[DATA EXTRACT Boundary: Start]
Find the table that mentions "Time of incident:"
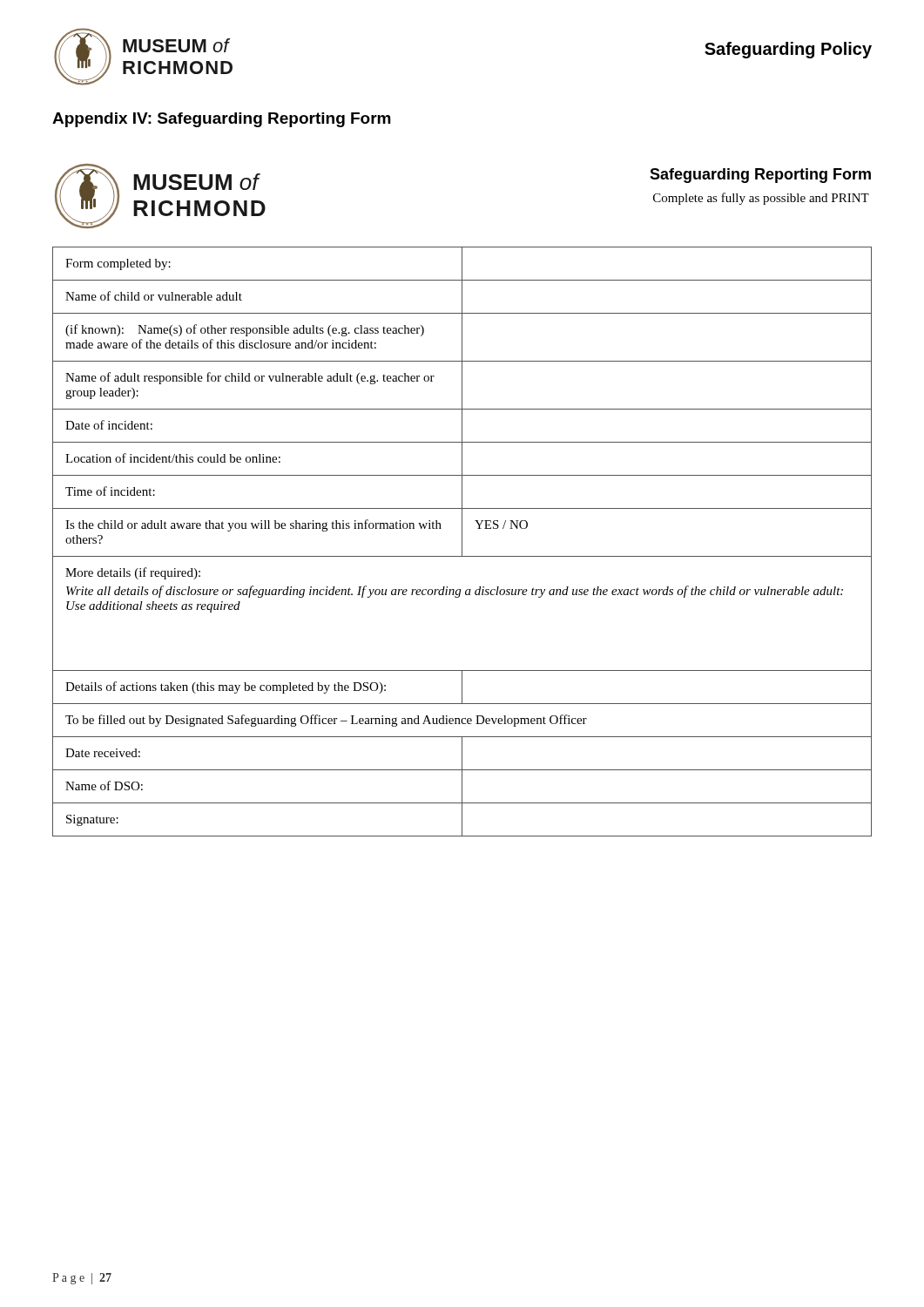click(x=462, y=542)
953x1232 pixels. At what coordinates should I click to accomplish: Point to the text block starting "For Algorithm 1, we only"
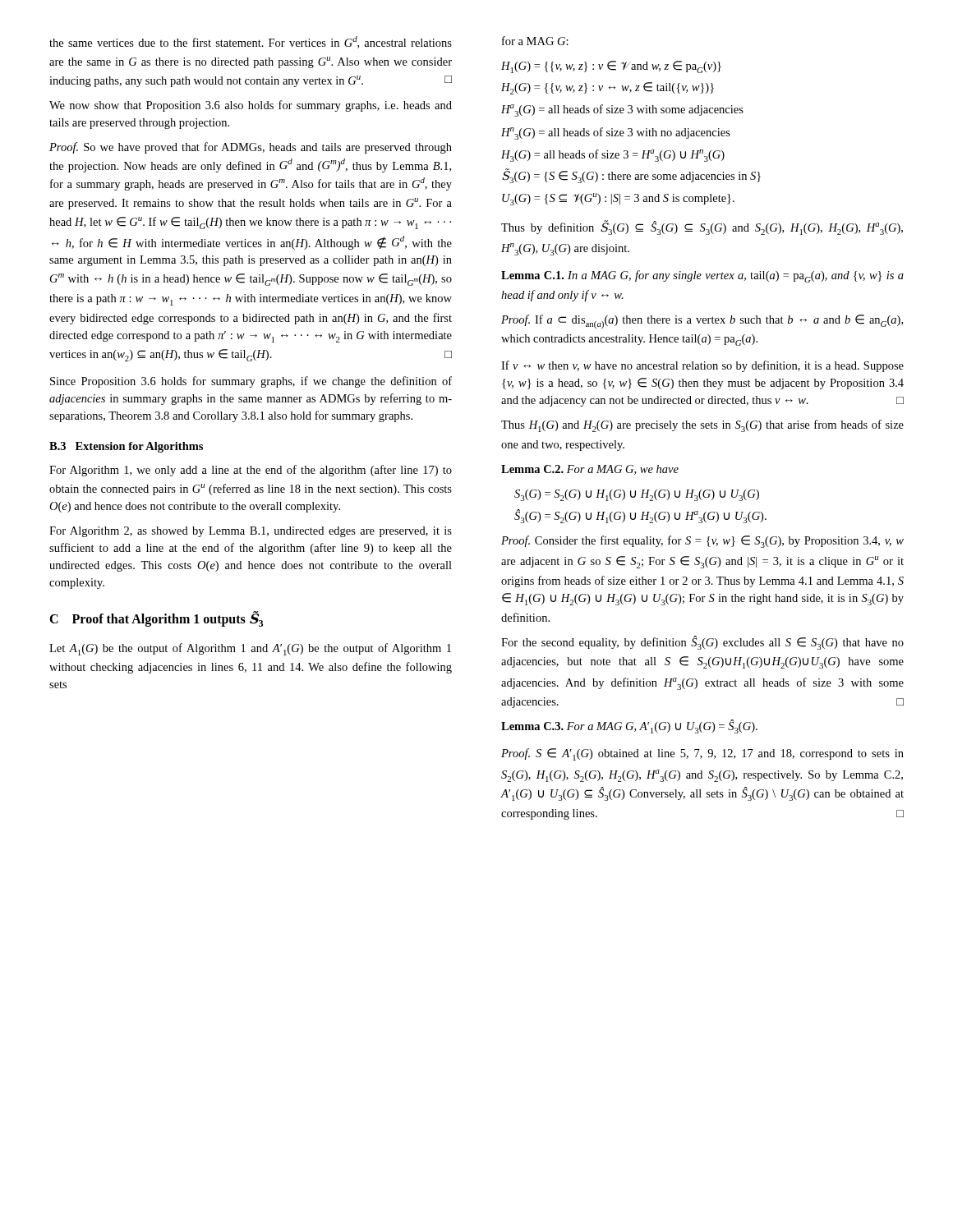(x=251, y=488)
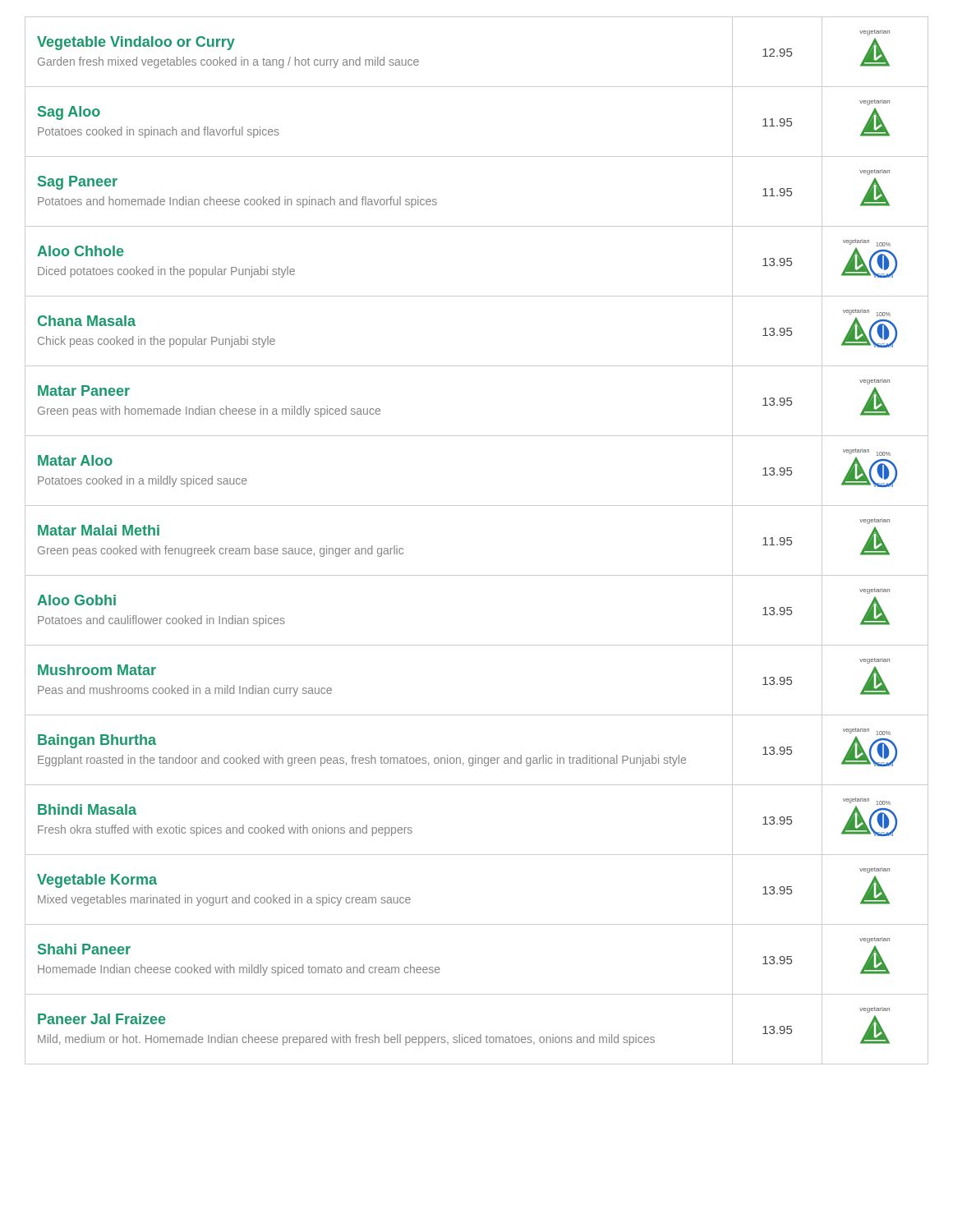Screen dimensions: 1232x953
Task: Find the list item with the text "Mushroom Matar Peas and mushrooms cooked"
Action: (x=97, y=670)
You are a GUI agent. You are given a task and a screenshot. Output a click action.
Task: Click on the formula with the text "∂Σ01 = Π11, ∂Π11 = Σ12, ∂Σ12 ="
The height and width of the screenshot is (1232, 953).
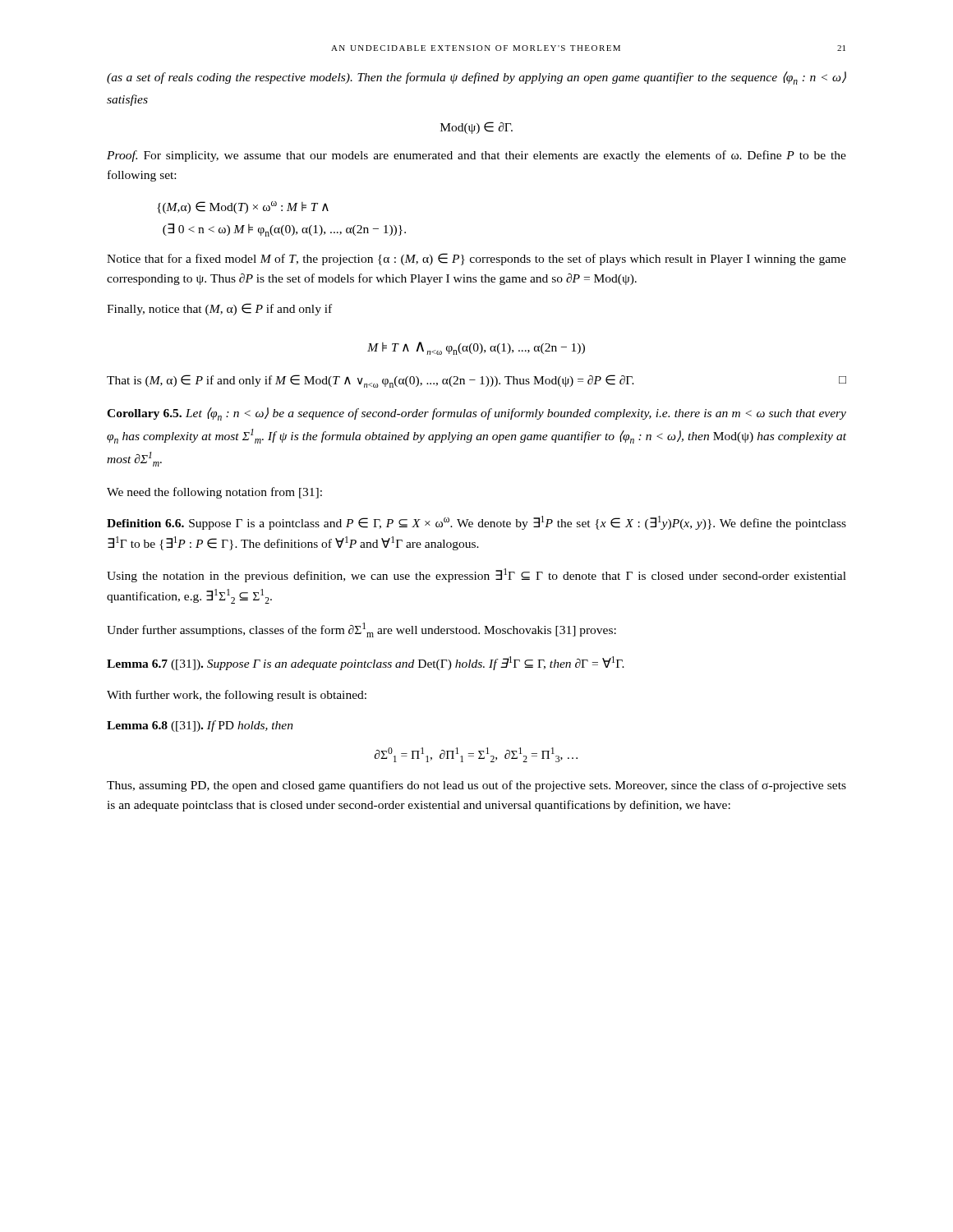(476, 755)
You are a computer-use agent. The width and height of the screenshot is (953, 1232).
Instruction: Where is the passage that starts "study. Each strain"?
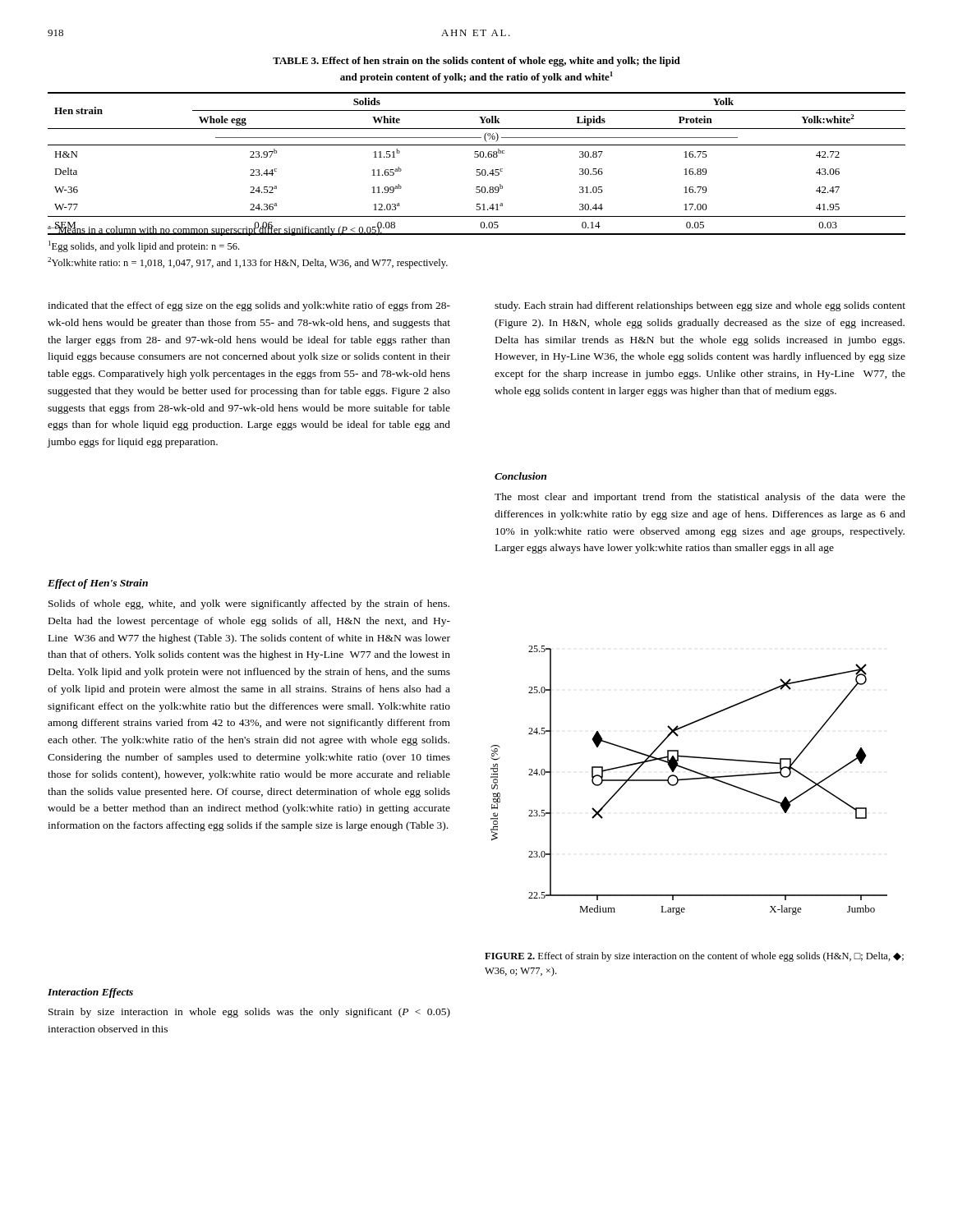(700, 348)
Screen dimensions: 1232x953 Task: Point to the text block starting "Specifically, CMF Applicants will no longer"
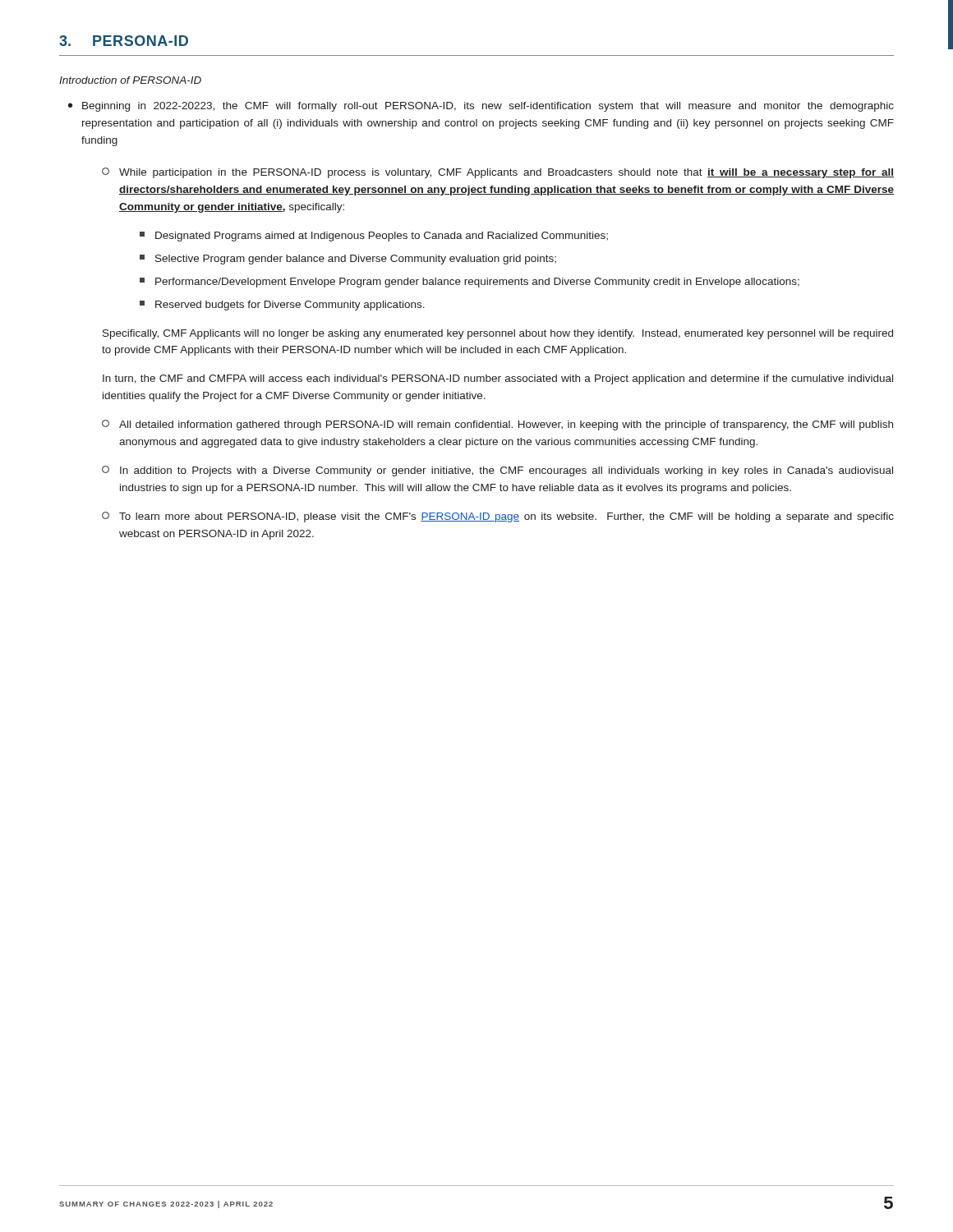[498, 341]
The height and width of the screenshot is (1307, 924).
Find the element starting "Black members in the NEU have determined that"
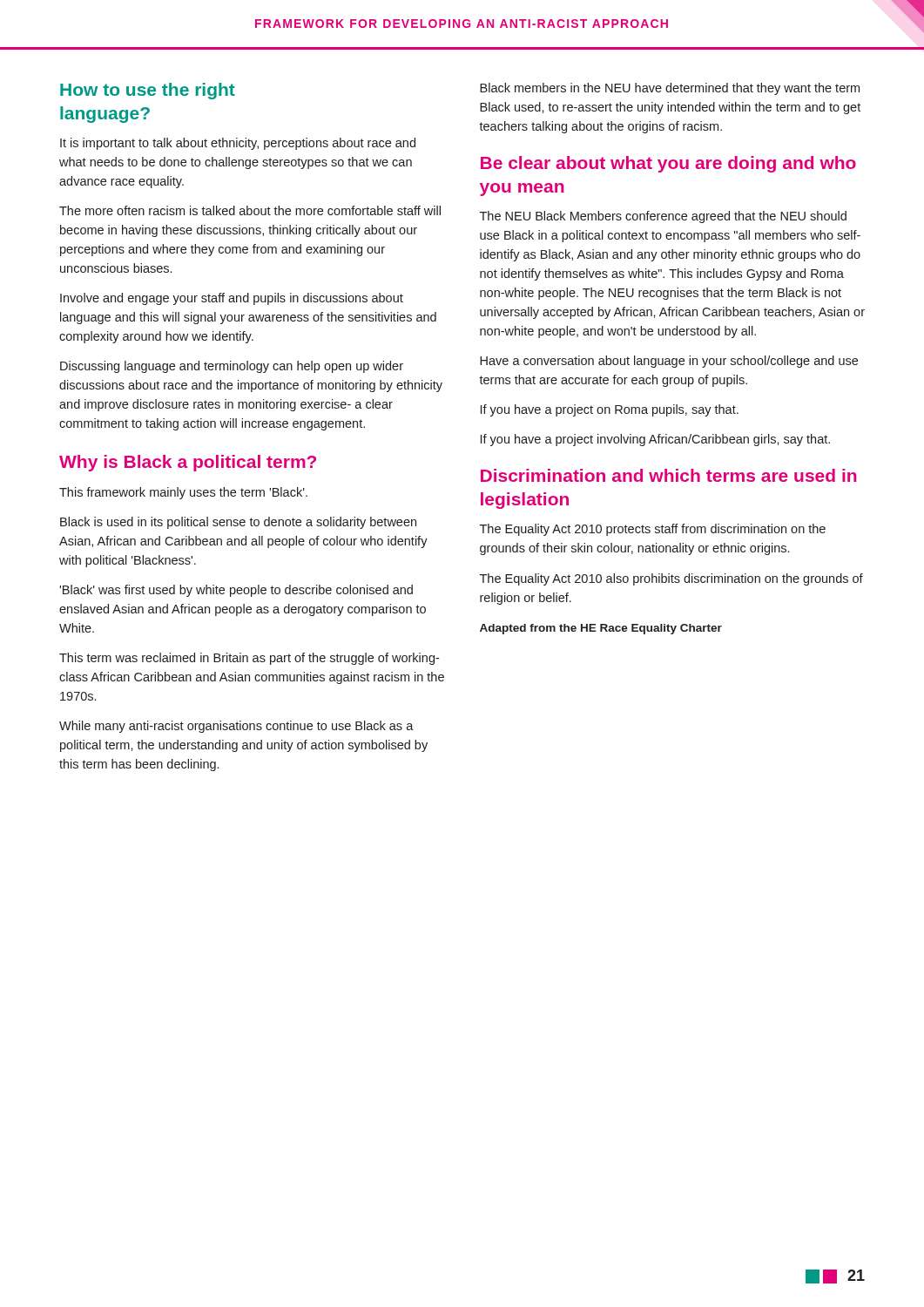[670, 107]
[DATA EXTRACT Boundary: End]
• [WORK ITEM]:
An exact copy of each entry is required, minus the pictures.

• [RESULT OF THE EXERCISE]:
Find the table that mentions "Time of incident:"
click(x=462, y=542)
953x1232 pixels. At what coordinates should I click to accomplish: Point to the text block starting "For Algorithm 1, we only"
(x=251, y=488)
Screen dimensions: 1232x953
Task: Find the list item with the text "Mushroom Matar Peas and mushrooms cooked"
Action: (x=97, y=670)
You are a GUI agent. You are given a task and a screenshot. Output a click action.
Task: Click on the formula with the text "∂Σ01 = Π11, ∂Π11 = Σ12, ∂Σ12 ="
The height and width of the screenshot is (1232, 953).
(476, 755)
You are a computer-use agent. The width and height of the screenshot is (953, 1232).
Instruction: Where is the passage that starts "study. Each strain"?
(700, 348)
Screen dimensions: 1232x953 Task: Point to the text block starting "Specifically, CMF Applicants will no longer"
[498, 341]
The height and width of the screenshot is (1307, 924).
Find the element starting "Black members in the NEU have determined that"
[670, 107]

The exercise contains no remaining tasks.